Relationship between inverse of related matrices Suppose I have a matrix $A \in \mathbb{R}^{m\times n}$ with $m \geq n$ and suppose that a matrix $G=(A^T A)^{-1}$ exists.
Now suppose that I have an other matrix $B \in \mathbb{R}^{m\times m}$ that is a diagonal matrix and whose entries on the diagonal can only be 0 or 1
Define $C=BA$ and $H=(C^T C)^{-1}$
Is there some particular relationship between $G$ and $H$?
Thanks to everyone
 A: This is not a complete answer, but here are some ideas.
So matrix multiplication is easily remembered as row times column.

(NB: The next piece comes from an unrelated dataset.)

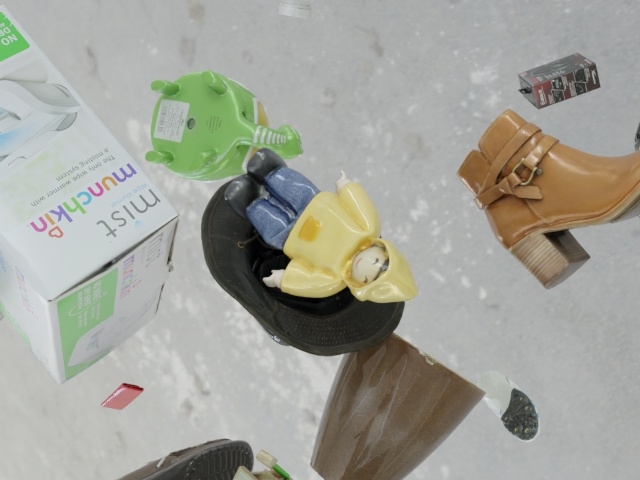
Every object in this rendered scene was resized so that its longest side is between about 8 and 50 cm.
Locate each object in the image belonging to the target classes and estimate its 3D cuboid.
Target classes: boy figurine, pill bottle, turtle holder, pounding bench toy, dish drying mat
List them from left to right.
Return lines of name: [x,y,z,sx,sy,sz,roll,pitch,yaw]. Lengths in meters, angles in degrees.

So when we calculate $A^TA$, we are actually calculating column times column. So you can think of the matrix $A^TA$ as containing all the inner products between the columns of $A$.
Now, the matrix $B$ has easy properties: $B^2=B$ and $B^T=B$. Hence $C^TC=A^TB^TBA=A^TBA$. Lets calculate the $i,j$-th element of $C^TC$. We find that $$(A^TBA)_{ij} = \sum_{k=1}^m A_{ki}B_{kk}A_{kj}.$$
Hence the $i,j$-th entry of $C^TC$ contains the inner product between the $i$-th column of $A$ and the $j$-th column of $A$, but we delete the $k$-th components of the columns when $B_{kk}=0$.
In fact this calculation shows that the matrix $C^TC$ is independent of the rows of $A$ corresponding to the (diagonal) zeroes in $B$. Thus the matrix $H$ is independent of the rows of $A$ corresponding to zeroes in $B$. But clearly, the matrix $G$ does depend on this. To me, this seems to suggest that there is no nice relation between $G$ and $H$.